In 1983, Glenn received the first national award of the American Speech and Hearing Association for her meritorious service to those with communicative disorders. In 1987, the National Association for Hearing and Speech Action awarded the first annual Annie Glenn Award for achieving distinction despite a communication disorder. Glenn presented the award to James Earl Jones as its first recipient. She was inducted into the National Stuttering Association Hall of Fame in 2004. In 2015, Ohio State University renamed 17th Avenue (on its campus) to Annie and John Glenn Avenue.

In 2009, the Ohio State University awarded her an honorary Doctorate of Public Service to recognize her work on behalf of children and others. The department awards the "Annie Glenn Leadership Award" annually to a person that has displayed innovative and inspirational work in speech/language pathology.

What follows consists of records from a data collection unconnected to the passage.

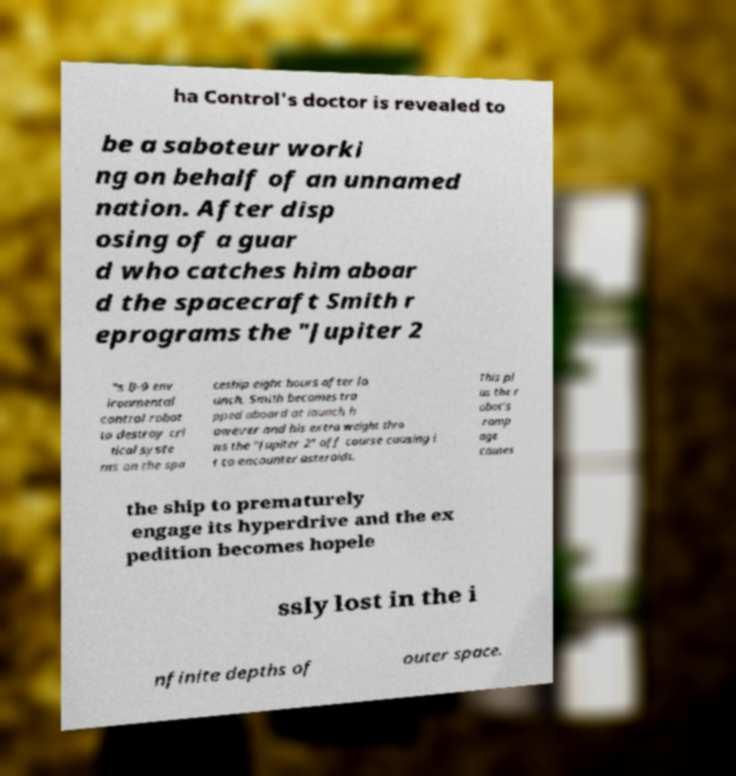Please read and relay the text visible in this image. What does it say? ha Control's doctor is revealed to be a saboteur worki ng on behalf of an unnamed nation. After disp osing of a guar d who catches him aboar d the spacecraft Smith r eprograms the "Jupiter 2 "s B-9 env ironmental control robot to destroy cri tical syste ms on the spa ceship eight hours after la unch. Smith becomes tra pped aboard at launch h owever and his extra weight thro ws the "Jupiter 2" off course causing i t to encounter asteroids. This pl us the r obot's ramp age causes the ship to prematurely engage its hyperdrive and the ex pedition becomes hopele ssly lost in the i nfinite depths of outer space. 
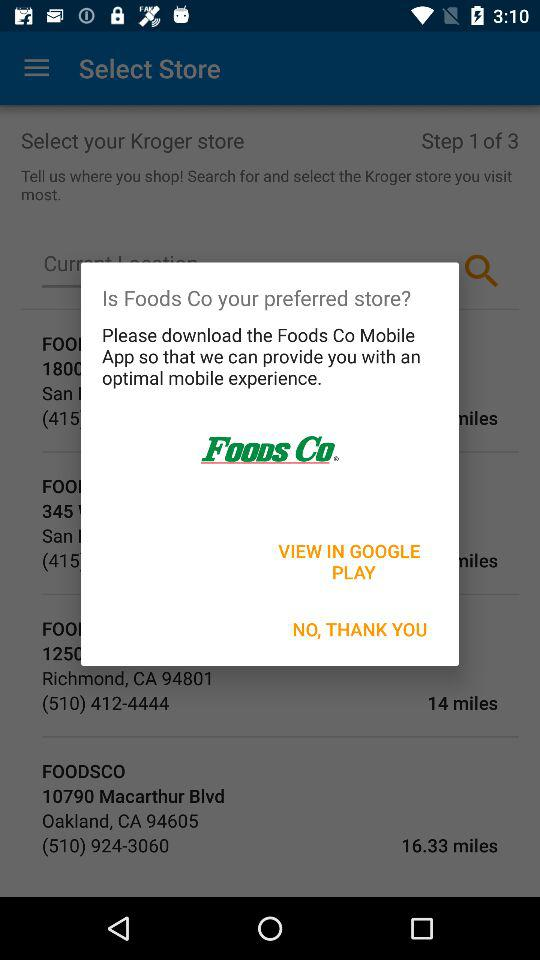How far is the "FOODSCO" store located in Oakland? It is 16.33 miles away. 
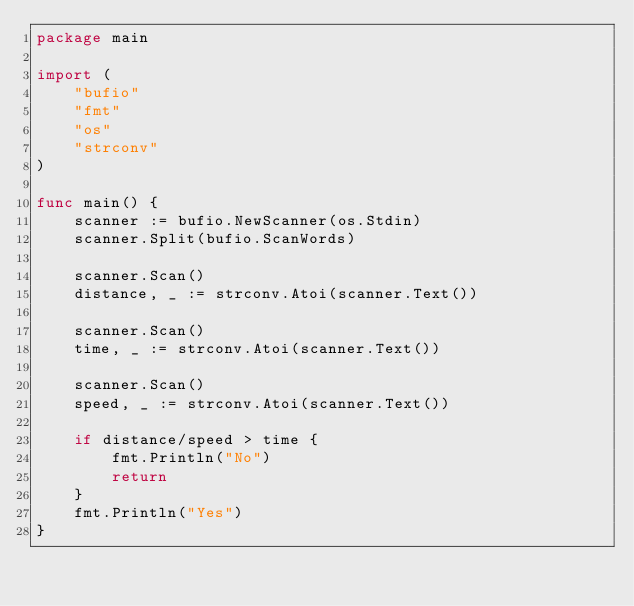Convert code to text. <code><loc_0><loc_0><loc_500><loc_500><_Go_>package main

import (
	"bufio"
	"fmt"
	"os"
	"strconv"
)

func main() {
	scanner := bufio.NewScanner(os.Stdin)
	scanner.Split(bufio.ScanWords)

	scanner.Scan()
	distance, _ := strconv.Atoi(scanner.Text())

	scanner.Scan()
	time, _ := strconv.Atoi(scanner.Text())

	scanner.Scan()
	speed, _ := strconv.Atoi(scanner.Text())

	if distance/speed > time {
		fmt.Println("No")
		return
	}
	fmt.Println("Yes")
}

</code>

===Activities and involvements===
Organizations in which she was involved include:
- Delta Gamma Theta Sorority (Muskingum College)
- The Ohio Board of Child Abuse
- The Board of Columbus (Ohio) Speech and Hearing Center
- The Society of Sponsors
- The Board of Trustees of Muskingum College
- The Advisory Panel of the Central Ohio Speech and Hearing Association
- The advisory board for the National Center for Survivors of Childhood Abuse
- The Board for the National First Ladies' Library
- The National Deafness and other Communication Disorders Advisory Council of the National Institutes of Health

==Death==
Glenn died from complications of COVID-19 on May 19, 2020 at a nursing home in Saint Paul, Minnesota. She was 100 years old.

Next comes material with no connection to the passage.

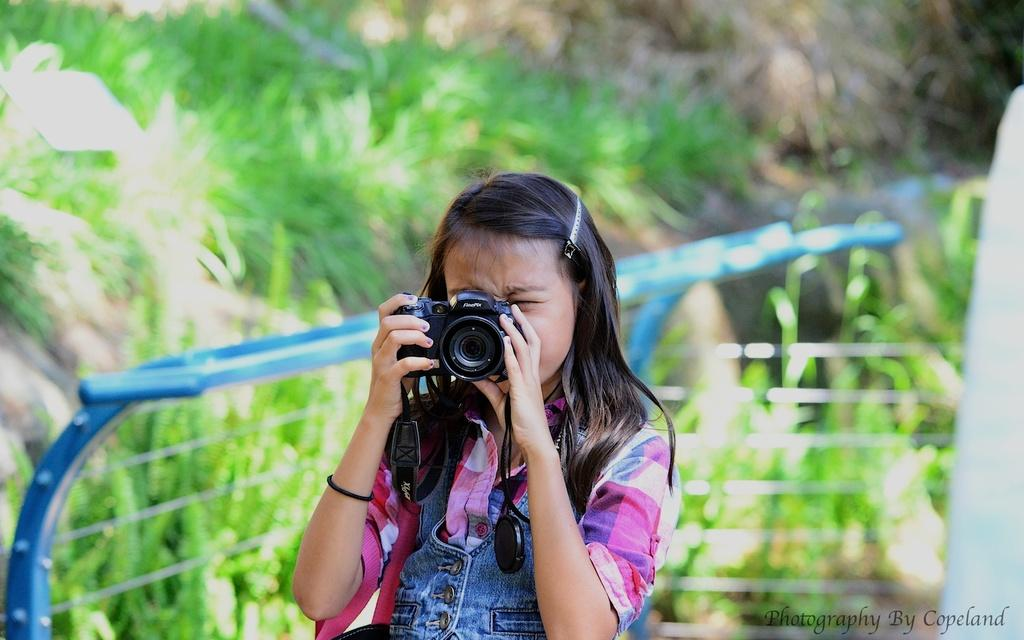Who is the main subject in the image? There is a girl in the center of the image. What is the girl holding in the image? The girl is holding a camera. What is the girl doing with the camera? The girl is clicking pictures. What can be seen in the background of the image? There are trees in the background of the image. What type of vegetation is present in the image? There are plants in the image. What type of hair is the chicken wearing in the image? There is no chicken present in the image, and therefore no hair to be worn.

==Portrayals in popular culture==
Glenn was played by Mary Jo Deschanel in the 1983 film The Right Stuff. The film highlighted her stutter, particularly in a scene involving U.S. Vice President Lyndon B. Johnson. In a 2015 interview, she and John Glenn indicated that, although they liked the Tom Wolfe book, they did not care for the movie adaptation of The Right Stuff.

In the 2015 ABC-TV series The Astronaut Wives Club, she is portrayed by Azure Parsons and in the 2020 Disney+ series The Right Stuff by Nora Zehetner.